▶ **Excerpts from a dataset**
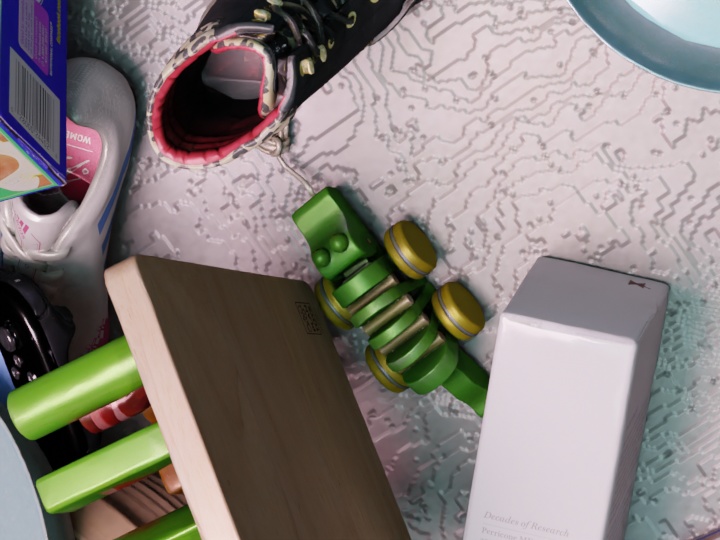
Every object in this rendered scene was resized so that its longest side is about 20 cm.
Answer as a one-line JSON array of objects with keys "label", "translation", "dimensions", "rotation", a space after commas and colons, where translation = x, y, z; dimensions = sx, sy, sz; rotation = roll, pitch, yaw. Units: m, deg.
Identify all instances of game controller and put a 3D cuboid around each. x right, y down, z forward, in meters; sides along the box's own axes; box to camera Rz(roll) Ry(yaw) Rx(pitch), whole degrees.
[{"label": "game controller", "translation": [-0.194, 0.043, 1.477], "dimensions": [0.200, 0.042, 0.105], "rotation": [12, 117, 57]}]

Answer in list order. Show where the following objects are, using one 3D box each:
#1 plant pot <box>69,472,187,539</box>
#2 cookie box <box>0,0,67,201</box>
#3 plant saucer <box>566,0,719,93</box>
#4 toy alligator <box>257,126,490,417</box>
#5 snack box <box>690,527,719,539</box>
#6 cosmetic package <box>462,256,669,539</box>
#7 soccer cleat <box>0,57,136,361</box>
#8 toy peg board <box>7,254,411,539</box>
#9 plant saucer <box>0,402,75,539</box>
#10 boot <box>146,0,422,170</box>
[{"label": "plant pot", "translation": [-0.080, 0.170, 1.494], "dimensions": [0.093, 0.201, 0.201], "rotation": [-39, 96, -19]}, {"label": "cookie box", "translation": [-0.248, -0.103, 1.434], "dimensions": [0.200, 0.172, 0.075], "rotation": [-15, 147, 18]}, {"label": "plant saucer", "translation": [0.180, -0.183, 1.376], "dimensions": [0.200, 0.027, 0.201], "rotation": [4, 108, 13]}, {"label": "toy alligator", "translation": [0.000, 0.000, 1.463], "dimensions": [0.059, 0.054, 0.200], "rotation": [-37, 95, 21]}, {"label": "snack box", "translation": [0.235, 0.216, 1.487], "dimensions": [0.072, 0.024, 0.200], "rotation": [-26, 99, 19]}, {"label": "cosmetic package", "translation": [0.096, 0.106, 1.447], "dimensions": [0.071, 0.101, 0.201], "rotation": [13, 109, 11]}, {"label": "soccer cleat", "translation": [-0.162, -0.011, 1.485], "dimensions": [0.070, 0.086, 0.201], "rotation": [14, 110, 10]}, {"label": "toy peg board", "translation": [-0.068, 0.109, 1.374], "dimensions": [0.098, 0.199, 0.200], "rotation": [-25, 77, 19]}, {"label": "plant saucer", "translation": [-0.195, 0.143, 1.455], "dimensions": [0.200, 0.036, 0.201], "rotation": [11, 104, 50]}, {"label": "boot", "translation": [-0.010, -0.130, 1.370], "dimensions": [0.203, 0.154, 0.074], "rotation": [-36, 101, 23]}]

▶ **What you have to do**
Go through the entries above and report each line with the string "objects" in it.

▶ **Output**
Answer as a one-line JSON array of objects with keys "label", "translation", "dimensions", "rotation", a space after commas and colons, where translation = x, y, z; dimensions = sx, sy, sz; rotation = roll, pitch, yaw. Units: m, deg.
Answer in list order. Show where the following objects are, using one 3D box each:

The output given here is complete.